Since the Germans stayed quiet through the night, at sunrise the next morning he made up an excuse to go back to the village. No one asked him any questions. An ugly mug and a strong, hairy back made other people mind their own business. He knew what they called him when that back was turned. When he overheard it, he broke some heads. That worked. Let them mock, as long as they feared.

He reached the place just as the peasants were going out to their chores. Waving, he called, “Nina! Come here!” He didn’t go Come here, you bitch! For him, it was the height of suavity.

She waved back, which made his hopes-among other things-rise. “What do you need, Sergeant?”

You. But that would be for later. He pointed to a nearby stand of brushy woods he’d noticed-the best privacy you could find around here. “Let’s talk about you whipping up a big tub of stew for my guys, hey?”

“Where do I get the stuff to put in it?” she asked. The obvious answer was from your village. That would leave the people there hungry.

But he just said, “Well, we can talk about that.” He hopped over a bush and walked into the woods. Nina followed. He offered her his water bottle. “Here. Have a knock of this first, sweetie.”

Calling it a knock warned her. Her eyes didn’t cross when she swigged Red Army vodka. Calling her sweetie probably warned her, too. But she was smiling when she handed back the water bottle. “You should drink some.”

“Fucking right I should.” He titled his head back. Fire slid down his throat and exploded in his stomach like a 105. He held out the vodka. “Have some more.”

“Sure. Best way to start the day.” Nina was a Russian, all right.

“Almost the best way.” Kuchkov grabbed her. She squealed and she giggled and she made a token try at pushing him away, but then they were rolling on the ground together and kissing. When he did reach under her skirt, she laughed again and then she purred. Who ended up on top was a matter of luck. She undid his fly, sucked him for a minute to make him even harder than he was already, and impaled herself on him. His hands clutched her meaty backside while they thrashed. She had plenty to hold on to.

She threw her head back and mewled. A moment later, he grunted as joy shot through him. A moment after that, before he could decide whether to slide out or start again, German shells started landing on the Russian line and reaching back toward the village.

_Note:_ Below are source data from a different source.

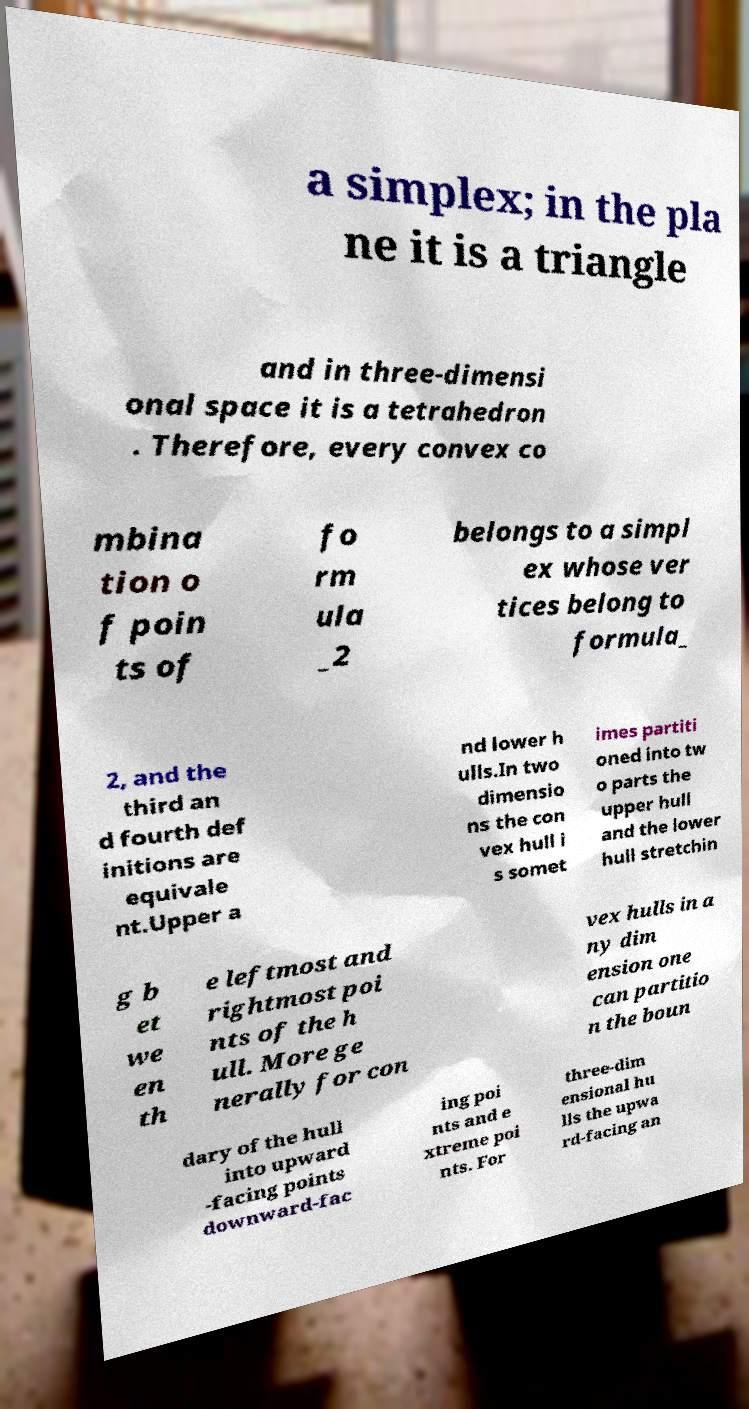There's text embedded in this image that I need extracted. Can you transcribe it verbatim? a simplex; in the pla ne it is a triangle and in three-dimensi onal space it is a tetrahedron . Therefore, every convex co mbina tion o f poin ts of fo rm ula _2 belongs to a simpl ex whose ver tices belong to formula_ 2, and the third an d fourth def initions are equivale nt.Upper a nd lower h ulls.In two dimensio ns the con vex hull i s somet imes partiti oned into tw o parts the upper hull and the lower hull stretchin g b et we en th e leftmost and rightmost poi nts of the h ull. More ge nerally for con vex hulls in a ny dim ension one can partitio n the boun dary of the hull into upward -facing points downward-fac ing poi nts and e xtreme poi nts. For three-dim ensional hu lls the upwa rd-facing an 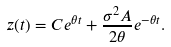<formula> <loc_0><loc_0><loc_500><loc_500>z ( t ) = C e ^ { \theta t } + \frac { \sigma ^ { 2 } A } { 2 \theta } e ^ { - \theta t } .</formula> 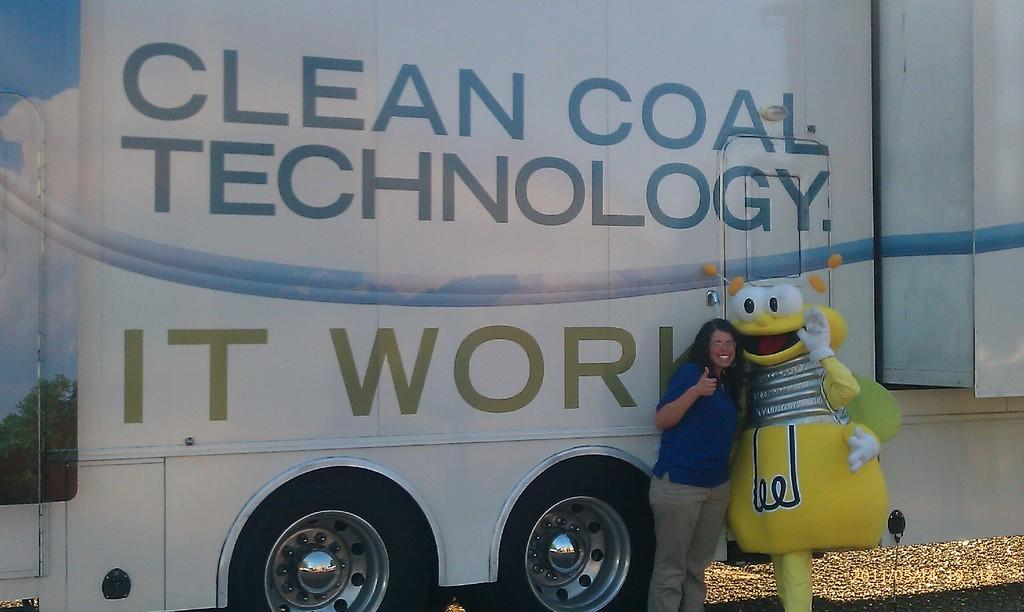What can be seen in the background of the image? There is a vehicle in the background of the image. Can you describe the woman in the image? The woman is wearing a t-shirt and spectacles in the image. What is the woman doing in the image? The woman is standing near a person wearing a fancy dress. Can you tell me how many friends are holding the cord in the image? There is no mention of a cord or friends holding it in the image. 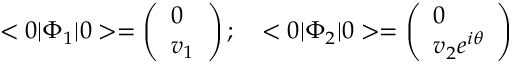Convert formula to latex. <formula><loc_0><loc_0><loc_500><loc_500>< 0 | \Phi _ { 1 } | 0 > = \left ( \begin{array} { l } { 0 } \\ { { v _ { 1 } } } \end{array} \right ) ; \quad < 0 | \Phi _ { 2 } | 0 > = \left ( \begin{array} { l } { 0 } \\ { { v _ { 2 } e ^ { i \theta } } } \end{array} \right )</formula> 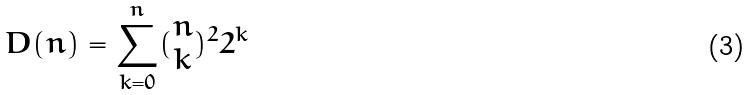Convert formula to latex. <formula><loc_0><loc_0><loc_500><loc_500>D ( n ) = \sum _ { k = 0 } ^ { n } ( \begin{matrix} n \\ k \end{matrix} ) ^ { 2 } 2 ^ { k }</formula> 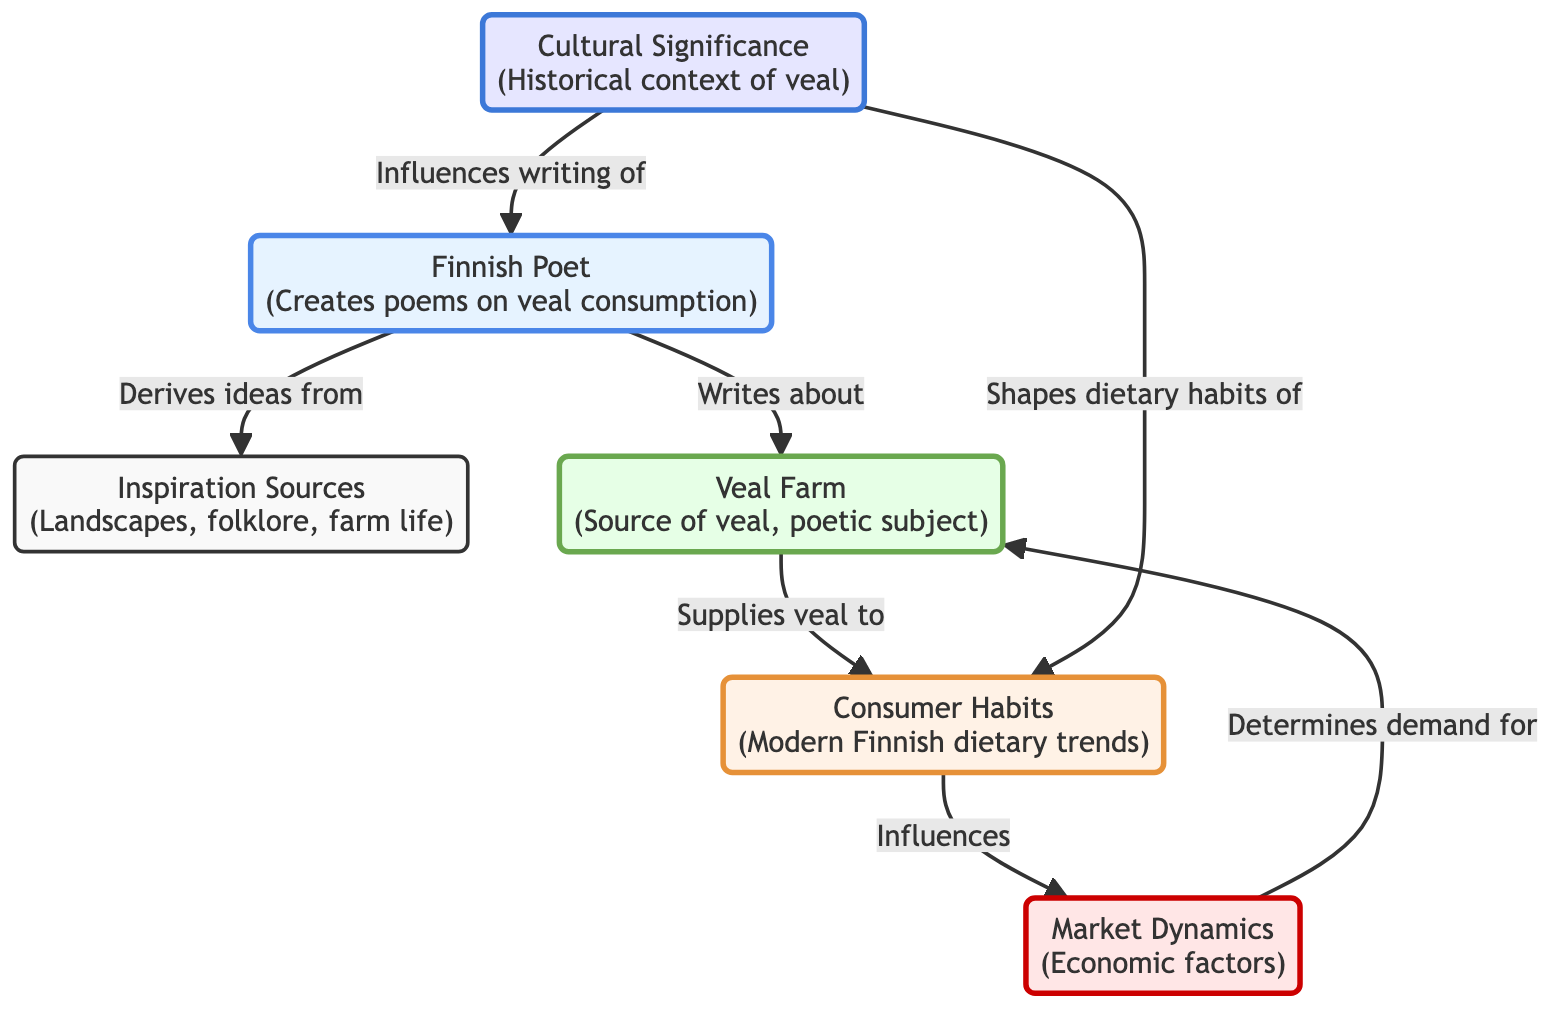What source does the poet derive inspiration from? The diagram specifies that the poet derives inspiration from "Inspiration Sources (Landscapes, folklore, farm life)." This is directly linked to the Poet node, indicating the various elements that influence their creative process.
Answer: Inspiration Sources How many main nodes are present in the diagram? By counting the individual labeled nodes in the diagram, including Poet, Inspiration Sources, Farm, Consumer, Market, and Cultural Significance, there are a total of six distinct nodes that represent different elements of the food chain.
Answer: 6 What influence do consumer habits have in the diagram? The diagram shows a direct relationship where Consumer (Consumer Habits) influences Market (Market Dynamics), indicating that the choices and behaviors of consumers directly affect market activities and trends.
Answer: Influences What role does cultural significance play in the poet's work? Cultural Significance is shown to have a direct influence on the poet's writing by the arrow connecting the two. This suggests that historical and cultural contexts related to veal also shape and inform the poet's creative expressions.
Answer: Influences writing of Which node supplies veal to the consumer? The diagram depicts a clear linkage where Farm (Veal Farm) supplies veal to the Consumer (Consumer Habits), indicating that the farm is the source providing this product to those consuming it.
Answer: Farm What is the relationship between market dynamics and demand? The arrows indicate a flow where Market (Market Dynamics) determines demand for Farm (Veal Farm), suggesting that the market conditions play a crucial role in setting how much veal is needed from the farm.
Answer: Determines demand for What affects dietary habits in the diagram? The diagram illustrates that Cultural Significance shapes dietary habits of the Consumer, establishing a link between cultural understanding and the eating behaviors of individuals, particularly relating to veal consumption.
Answer: Shapes dietary habits of What does the poet write about? The diagram specifically states that the poet writes about the "Veal Farm," identifying this as a primary subject matter in their poetry related to veal consumption.
Answer: Veal Farm 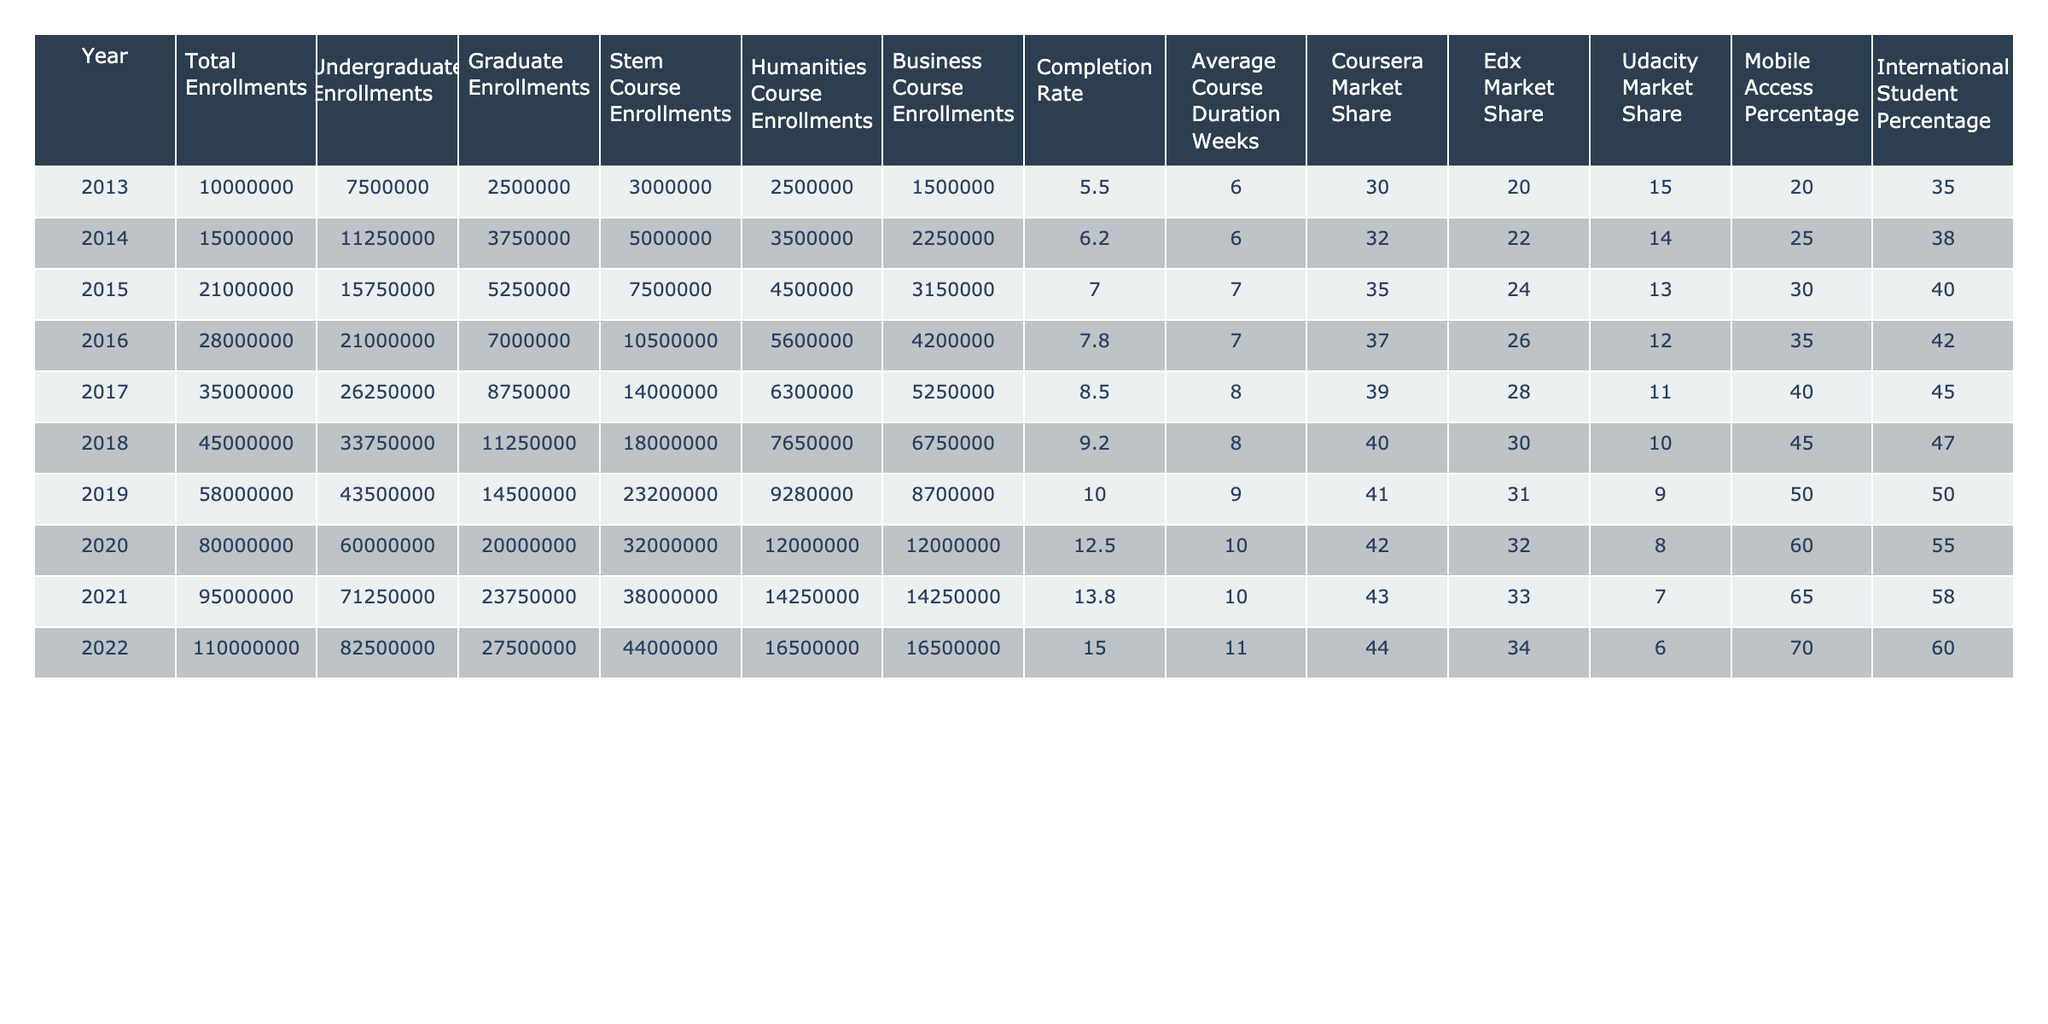What was the completion rate in 2015? Looking at the row for the year 2015 in the table, the completion rate is listed directly as 7.0.
Answer: 7.0 What is the percentage of international students in 2020? In the table, the percentage of international students for the year 2020 is listed in the corresponding row as 55.
Answer: 55 What is the trend in total enrollments from 2013 to 2022? By analyzing the total enrollments from each year, we see a consistent increase from 10,000,000 in 2013 to 110,000,000 in 2022. This indicates a clear upward trend.
Answer: Increasing What was the average course duration in weeks for the years 2016 and 2017? The course duration for 2016 is 7 weeks and for 2017 is 8 weeks. To find the average, we add these values (7 + 8 = 15) and divide by 2, resulting in an average of 7.5 weeks.
Answer: 7.5 In which year was the highest market share for Coursera? The highest Coursera market share is observed in 2022, with a percentage of 44 listed in the corresponding row.
Answer: 44 Did the completion rate increase every year from 2013 to 2022? Upon reviewing the completion rates from the table, we notice that it increased each year starting from 5.5 in 2013 to 15.0 in 2022, indicating a consistent annual increase.
Answer: Yes What is the difference in STEM course enrollments between 2018 and 2020? The STEM course enrollments for 2018 are 18,000,000 and for 2020 are 32,000,000. The difference is calculated by subtracting 18,000,000 from 32,000,000, which equals 14,000,000.
Answer: 14,000,000 How did the percentage of mobile access change from 2013 to 2022? Mobile access in 2013 was 35%, and by 2022 it rose to 70%. To find the change, we subtract 35% from 70%, resulting in an increase of 35 percentage points.
Answer: 35 percentage points What was the year with the lowest graduate enrollments, and how many were there? The lowest graduate enrollments were in 2013, which had 2,500,000 enrollments. This can be confirmed by examining the corresponding row for that year.
Answer: 2,500,000 Is the completion rate for 2020 higher than that of 2019? The completion rate for 2020 is 12.5, while for 2019 it is 10. This comparison shows that 12.5 is greater than 10, confirming that the rate increased.
Answer: Yes

That made up his mind, and in a hurry. He threw Nina off him, even his rude chivalry forgotten. She let out an indignant squawk. He didn’t care. He scrambled to his feet, shoving his cock back into his pants and doing up the buttons. Then he took off on the dead run, back toward his section. Fun was fun, but killing the fucking Fascists really mattered.

He ignored the shell bursts. If one got him, it got him. None did. He wasn’t as fast as an Olympic track man getting back, but an Olympic track man didn’t run in boots and carry a submachine gun. He reached his men before the barrage stopped and the ground attack came in.

“Hold on to your dicks, boys,” he called when the artillery let up. Nina’d sure had hold of his. “We’ll slaughter the clapped-out cunts.”

They didn’t. The Germans were veterans, and didn’t assume the shelling would make their advance easy. They came cautiously, by small groups, firing and moving. Where they met strong defensive fire, they held up and started digging themselves foxholes. They weren’t going to let their officers get them killed if they could help it. If they hadn’t been Nazis, they would have been sensible men.

For a wonder, Russian tanks showed up before the Germans brought up any armor. The Fritzes retreated sullenly. Maybe I can fuck Nina again tomorrow, Kuchkov thought. You never knew till you tried.

Pete McGill passed five-inch shells as fast as he could. The Japs had more dive-bombers than Carter had little liver pills. Sweat poured down his bare back. He’d be sunburned like nobody’s business if he lived, but that was the least of his worries. He’d got way too hot and sticky to stay in his shirt.

Most of the guys at the gun wore nothing but a helmet above the waist. You needed a helmet. You needed one bad. What went up eventually came down, and lots and lots was going up. Fragments rained down all over the Pacific. You’d feel like a jerk if one of them smashed your unprotected skull-but not for long, worse luck for you.